Description of the task:
Leave the pictures behind and reproduce every line of the listing exactly.

Raw data:

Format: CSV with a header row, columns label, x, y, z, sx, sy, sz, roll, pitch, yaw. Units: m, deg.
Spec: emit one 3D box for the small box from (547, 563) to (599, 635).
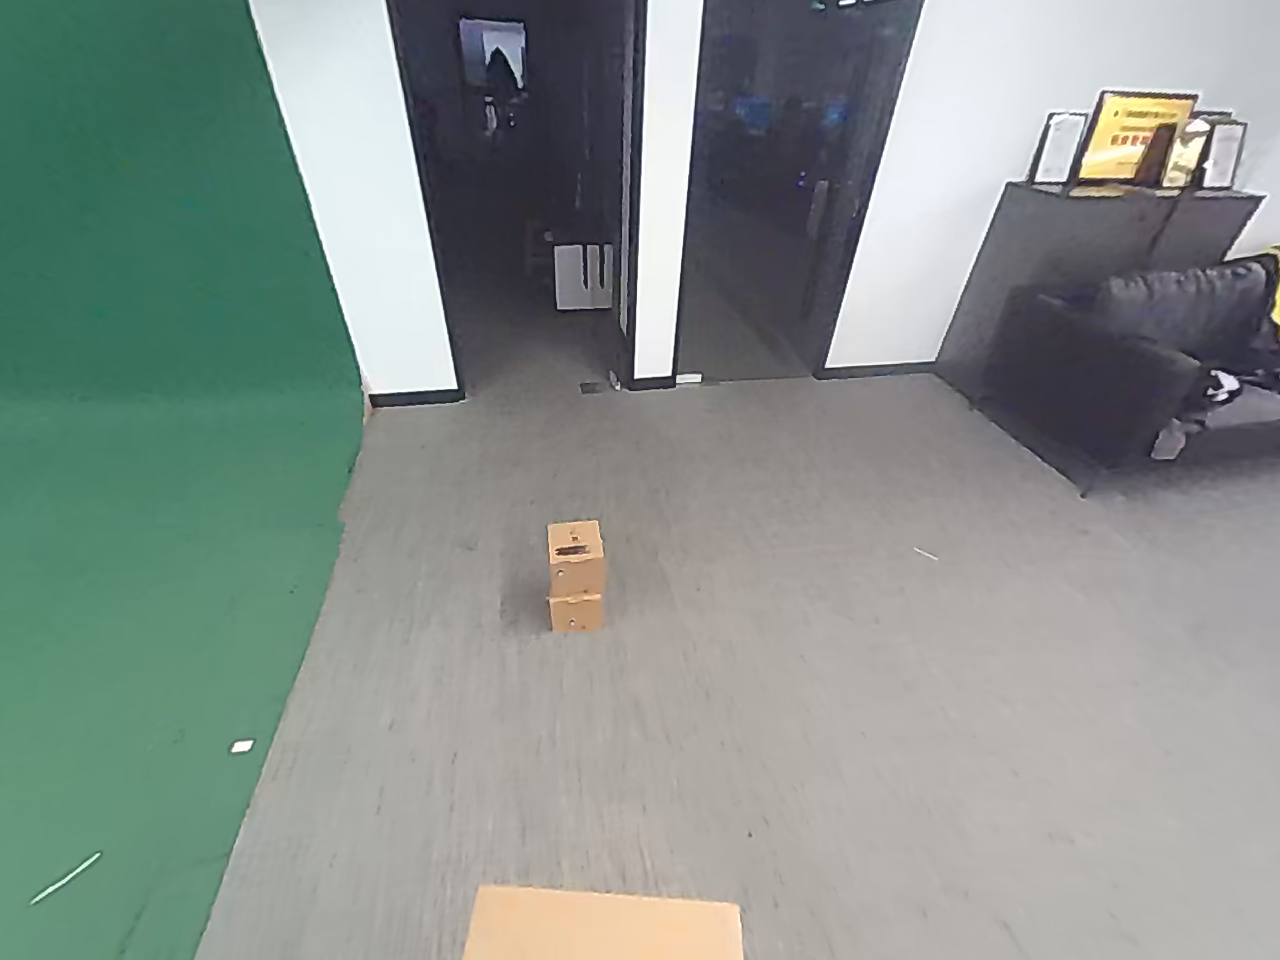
label,x,y,z,sx,sy,sz,roll,pitch,yaw
small box,-0.227,0.403,1.841,0.168,0.176,0.179,-1,38,-7

Task answer:
Format: CSV with a header row, columns label, x, y, z, sx, sy, sz, roll, pitch, yaw. Units: m, deg.
Spec: emit one 3D box for the small box from (547, 563) to (599, 635).
label,x,y,z,sx,sy,sz,roll,pitch,yaw
small box,-0.227,0.403,1.841,0.168,0.176,0.179,-1,38,-7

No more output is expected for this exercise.